The deal promises US$800 million in annual synergies and a future listing in Toronto, yet Teck shareholders will hold only 37.6 per cent of the merged Anglo-Teck vehicle, according to the joint release. Critics note that the merger comes as Canada-U.S. trade relations strain over softwood lumber and electric-vehicle content rules, raising the prospect that refined copper from British Columbia could flow south under less favourable terms.

Ottawa has blunt new powers under the updated Investment Canada Act to review critical-minerals takeovers, but chose not to invoke them, arguing the transaction preserves Canadian head-office functions. With the United States scrambling to on-shore battery metals and Indonesia tightening export quotas, relinquishing control now could leave Canada short of leverage when the deficit bites. Provincial governments that rely on resource royalties must weigh the near-term cash premium against long-term strategic flexibility.

Strategic rethink in North America

Washington’s Critical Minerals Act already lets the federal government take equity stakes in U.S. projects, and it is courting Northern Dynasty’s Pebble and Trilogy’s Arctic deposits.

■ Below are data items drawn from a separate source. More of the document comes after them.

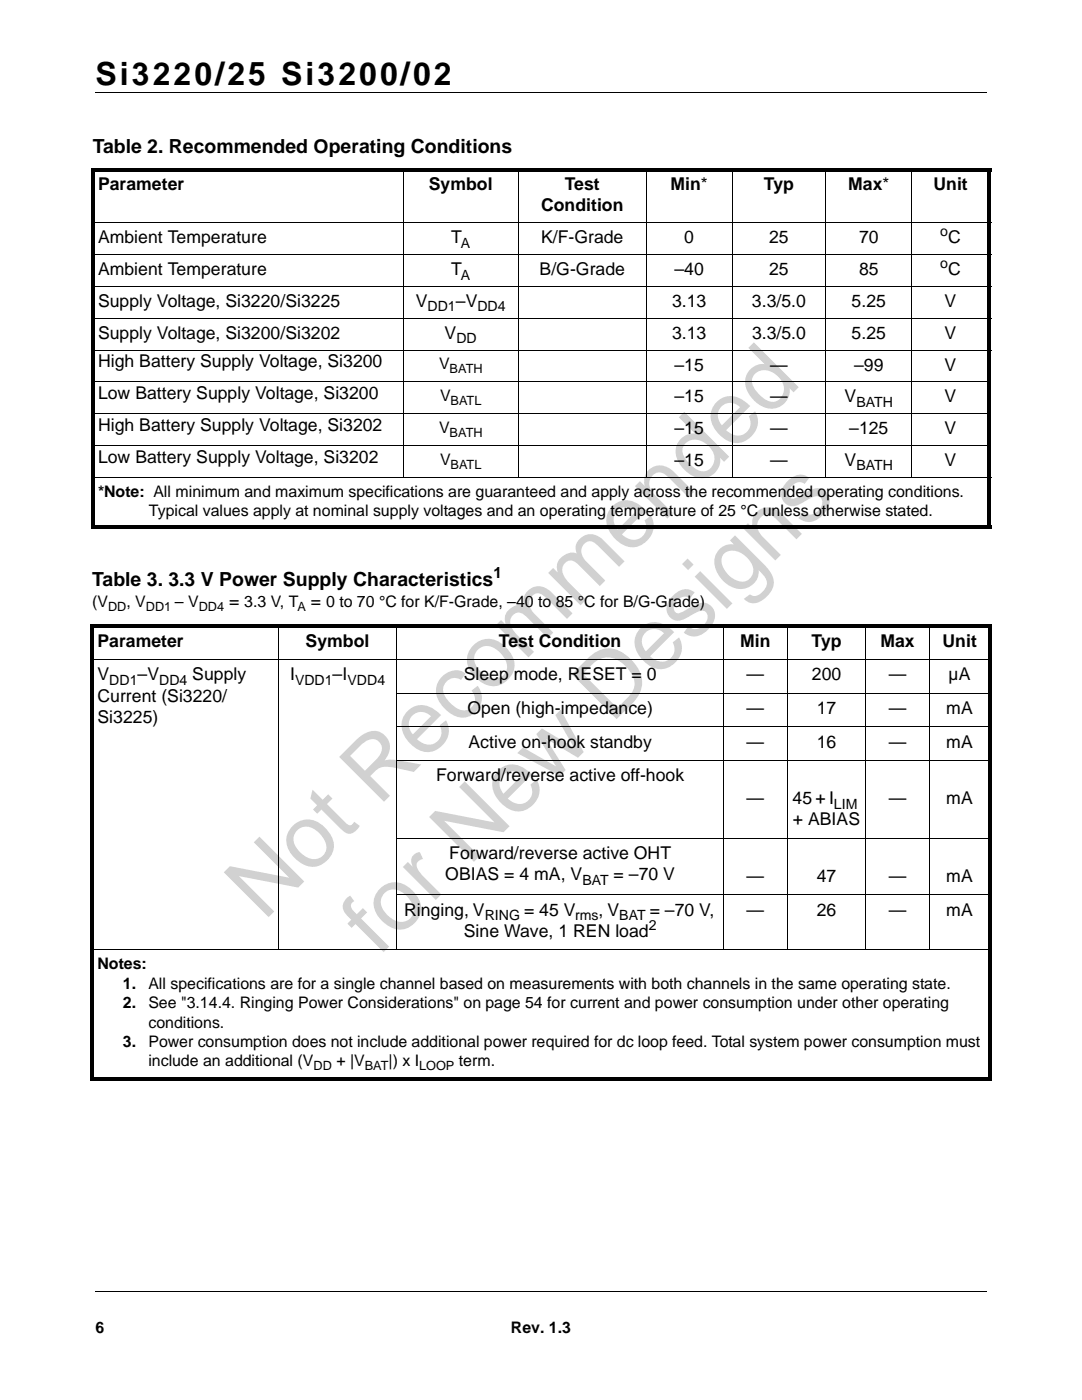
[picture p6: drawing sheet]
<svg xmlns="http://www.w3.org/2000/svg" width="216mm" height="279mm" viewBox="0 0 216 279" stroke-linecap="round" stroke-linejoin="round" font-family="sans-serif">
<defs><g id="words">
<g font-size="17.6" fill="#d1d1d1">
<text x="52.7" y="184" transform="rotate(-45 52.7 184)">Not Recommended</text>
<text x="75.6" y="191" transform="rotate(-45 75.6 191)">for New Designs</text>
</g>
<text font-size="6.3" x="19" y="16.9">Si3220/25 Si3200/02</text>
<g font-size="3.9">
<text x="18.5" y="30.5">Table 2. Recommended Operating Conditions</text>
<text x="18.4" y="116.9">Table 3. 3.3 V Power Supply Characteristics</text>
</g>
<g font-size="3.5">
<text x="19.6" y="38">Parameter</text>
<text x="85.6" y="38">Symbol</text>
<text x="112.7" y="38">Test</text>
<text x="133.8" y="38">Min*</text>
<text x="152.4" y="38">Typ</text>
<text x="169.3" y="38">Max*</text>
<text x="186.2" y="38">Unit</text>
<text x="108" y="42.2">Condition</text>
<text x="19.6" y="48.6">Ambient Temperature</text>
<text x="90" y="48.6">T</text>
<text x="107.9" y="48.6">K/F-Grade</text>
<text x="136.5" y="48.6">0</text>
<text x="153.5" y="48.6">25</text>
<text x="171.4" y="48.6">70</text>
<text x="189.2" y="48.6">C</text>
<text x="19.6" y="54.9">Ambient Temperature</text>
<text x="90" y="54.9">T</text>
<text x="107.7" y="54.9">B/G-Grade</text>
<text x="134.6" y="54.9">–40</text>
<text x="153.5" y="54.9">25</text>
<text x="171.4" y="54.9">85</text>
<text x="189.2" y="54.9">C</text>
<text x="19.6" y="61.3">Supply Voltage, Si3220/Si3225</text>
<text x="83" y="61.3">V</text>
<text x="91" y="61.3">–V</text>
<text x="134.1" y="61.3">3.13</text>
<text x="150.1" y="61.3">3.3/5.0</text>
<text x="169.9" y="61.3">5.25</text>
<text x="188.5" y="61.3">V</text>
<text x="19.6" y="67.6">Supply Voltage, Si3200/Si3202</text>
<text x="88.7" y="67.6">V</text>
<text x="134.1" y="67.6">3.13</text>
<text x="150.1" y="67.6">3.3/5.0</text>
<text x="169.9" y="67.6">5.25</text>
<text x="188.5" y="67.6">V</text>
<text x="19.6" y="73.3">High Battery Supply Voltage, Si3200</text>
<text x="134.6" y="74">–15</text>
<text x="153.7" y="74">—</text>
<text x="170.4" y="74">–99</text>
<text x="188.5" y="74">V</text>
<text x="19.6" y="79.6">Low Battery Supply Voltage, Si3200</text>
<text x="134.6" y="80.3">–15</text>
<text x="153.7" y="80.3">—</text>
<text x="168.5" y="80.3">V</text>
<text x="188.5" y="80.3">V</text>
<text x="19.6" y="86">High Battery Supply Voltage, Si3202</text>
<text x="134.6" y="86.7">–15</text>
<text x="153.7" y="86.7">—</text>
<text x="169.4" y="86.7">–125</text>
<text x="188.5" y="86.7">V</text>
<text x="19.6" y="92.3">Low Battery Supply Voltage, Si3202</text>
<text x="134.6" y="93">–15</text>
<text x="153.7" y="93">—</text>
<text x="168.5" y="93">V</text>
<text x="188.5" y="93">V</text>
<text x="45.7" y="121.2">= 3.3 V, T</text>
<text x="62" y="121.2">= 0 to 70 °C for K/F-Grade, –40 to 85 °C for B/G-Grade)</text>
<text x="19.5" y="129.1">Parameter</text>
<text x="61" y="129.1">Symbol</text>
<text x="99.6" y="129.1">Test Condition</text>
<text x="147.7" y="129.1">Min</text>
<text x="161.9" y="129.1">Typ</text>
<text x="175.7" y="129.1">Max</text>
<text x="188.1" y="129.1">Unit</text>
<text x="19.5" y="135.8">V</text>
<text x="27.5" y="135.8">–V</text>
<text x="38.4" y="135.8">Supply</text>
<text x="57.9" y="135.8">I</text>
<text x="66.4" y="135.8">–I</text>
<text x="92.5" y="135.8">Sleep mode, RESET = 0</text>
<text x="149" y="135.8">—</text>
<text x="162" y="135.8">200</text>
<text x="177.3" y="135.8">—</text>
<text x="189.3" y="135.8">µA</text>
<text x="19.5" y="140">Current (Si3220/</text>
<text x="93.3" y="142.5">Open (high-impedance)</text>
<text x="149" y="142.5">—</text>
<text x="163" y="142.5">17</text>
<text x="177.3" y="142.5">—</text>
<text x="188.8" y="142.5">mA</text>
<text x="19.5" y="144.3">Si3225)</text>
<text x="93.5" y="149.2">Active on-hook standby</text>
<text x="149" y="149.2">—</text>
<text x="163" y="149.2">16</text>
<text x="177.3" y="149.2">—</text>
<text x="188.8" y="149.2">mA</text>
<text x="87" y="155.9">Forward/reverse active off-hook</text>
<text x="149" y="160.5">—</text>
<text x="158.2" y="160.5">45 + I</text>
<text x="177.3" y="160.5">—</text>
<text x="188.8" y="160.5">mA</text>
<text x="158.2" y="164.7">+ ABIAS</text>
<text x="89.6" y="171.4">Forward/reverse active OHT</text>
<text x="88.9" y="175.7">OBIAS = 4 mA, V</text>
<text x="122.4" y="175.7">= –70 V</text>
<text x="149" y="176">—</text>
<text x="163" y="176">47</text>
<text x="177.3" y="176">—</text>
<text x="188.8" y="176">mA</text>
<text x="80.6" y="182.7">Ringing, V</text>
<text x="104.6" y="182.7">= 45 V</text>
<text x="119.4" y="182.7">, V</text>
<text x="129.6" y="182.7">= –70 V,</text>
<text x="149" y="182.7">—</text>
<text x="163" y="182.7">26</text>
<text x="177.3" y="182.7">—</text>
<text x="188.8" y="182.7">mA</text>
<text x="92.5" y="186.9">Sine Wave, 1 REN load</text>
</g>
<g font-size="3.2">
<text x="87.6" y="73.7">V</text>
<text x="87.8" y="80.1">V</text>
<text x="87.6" y="86.4">V</text>
<text x="87.8" y="92.8">V</text>
<text x="19.6" y="99.1">*Note: All minimum and maximum specifications are guaranteed and apply across the recommended operating conditions.</text>
<text x="29.7" y="103">Typical values apply at nominal supply voltages and an operating temperature of 25 °C unless otherwise stated.</text>
<text x="18.4" y="121.2">(V</text>
<text x="25.2" y="121.2">, V</text>
<text x="34.9" y="121.2">– V</text>
<text x="19.5" y="193.4">Notes:</text>
<text x="24.5" y="197.3">1.</text>
<text x="29.6" y="197.3">All specifications are for a single channel based on measurements with both channels in the same operating state.</text>
<text x="24.5" y="201.2">2.</text>
<text x="29.6" y="201.2">See &quot;3.14.4. Ringing Power Considerations&quot; on page 54 for current and power consumption under other operating</text>
<text x="24.5" y="208.9">3.</text>
<text x="29.6" y="205.1">conditions.</text>
<text x="29.6" y="208.9">Power consumption does not include additional power required for dc loop feed. Total system power consumption must</text>
<text x="29.6" y="212.8">include an additional (V</text>
<text x="67.1" y="212.8">+ |V</text>
<text x="77.5" y="212.8">|) x I</text>
<text x="91.6" y="212.8">term.</text>
<text x="19" y="266">6</text>
<text x="102" y="266">Rev. 1.3</text>
</g>
<text font-size="3.1" x="98.5" y="115.3">1</text>
<g font-size="2.8">
<text x="187.6" y="47.2">o</text>
<text x="92" y="49.4">A</text>
<text x="187.6" y="53.5">o</text>
<text x="92" y="55.8">A</text>
<text x="85.3" y="62.1">DD1</text>
<text x="95.3" y="62.1">DD4</text>
<text x="91.1" y="68.5">DD</text>
<text x="170.9" y="81.2">BATH</text>
<text x="170.9" y="93.9">BATH</text>
<text x="21.8" y="136.7">DD1</text>
<text x="31.7" y="136.7">DD4</text>
<text x="58.9" y="136.7">VDD1</text>
<text x="69.3" y="136.7">VDD4</text>
<text x="166.4" y="161.4">LIM</text>
<text x="116.2" y="176.5">BAT</text>
<text x="96.7" y="183.6">RING</text>
<text x="114.7" y="183.6">rms</text>
<text x="123.6" y="183.6">BAT</text>
<text x="129.5" y="185.5">2</text>
</g>
<g font-size="2.5">
<text x="89.7" y="74.5">BATH</text>
<text x="89.9" y="80.9">BATL</text>
<text x="89.7" y="87.2">BATH</text>
<text x="89.9" y="93.6">BATL</text>
<text x="21.6" y="122">DD</text>
<text x="29.1" y="122">DD1</text>
<text x="39.6" y="122">DD4</text>
<text x="59.4" y="122">A</text>
<text x="62.6" y="213.6">DD</text>
<text x="72.8" y="213.6">BAT</text>
<text x="83.6" y="213.6">LOOP</text>
</g>
</g></defs>
<path d="M19 18.4h177.8M19.1 257.8h177.8" fill="none" stroke="#000" stroke-width=".2"/>
<g fill="#fff">
<path d="M159.3 259.4h38.1v14.5h-38.1z"/>
<path d="M159.4 259.4h38v14.5h-38z"/>
</g>
<path d="M18.1 33.5h179.7v.7h-179.7zM18.1 104.8h179.7v.7h-179.7zM18.2 34.2h.7v70.6h-.7zM197.1 34.2h.7v70.6h-.7zM18 124.6h179.9v.7h-179.9zM18 214.9h179.9v.7h-179.9zM18.1 125.3h.7v89.6h-.7zM197.2 125.3h.7v89.6h-.7z" fill="#000"/>
<g fill="none" stroke="#000" stroke-width=".2">
<path d="M80.5 33.5v61.8M103.4 33.5v61.8M128.9 33.5v61.8M146.1 33.5v61.8M164.8 33.5v61.8M181.9 33.5v61.8M18.1 44.5h179.7M18.1 50.8h179.7M18.1 57.1h179.7M18.1 63.5h179.7M18.1 69.8h179.7M18.1 76.2h179.7"/>
<path d="M18.1 82.5h179.7M18.1 88.9h179.7M18.1 95.2h179.7M18 131.7h179.9M55.6 124.6v65M79.1 138.4h118.8M79.2 124.6v65M144.4 124.6v65M157.1 124.6v65M172.7 124.6v65M185.5 124.6v65M79.1 145.1h118.8"/>
<path d="M79.1 151.8h118.8M79.1 167.3h118.8M79.1 178.6h118.8M18 189.5h179.9"/>
</g>
<use href="#words"/>
</svg>

Ottawa prefers tax credits and stream contracts, a lighter touch that may not secure downstream supply in a tightening market.

If Grasberg’s outage is a dress rehearsal for 2026, policymakers may need to move beyond passive incentives and consider offtake reservations or a sovereign copper reserve. Short of that, keeping flagship producers under domestic control could prove Canada’s most effective hedge against the coming squeeze.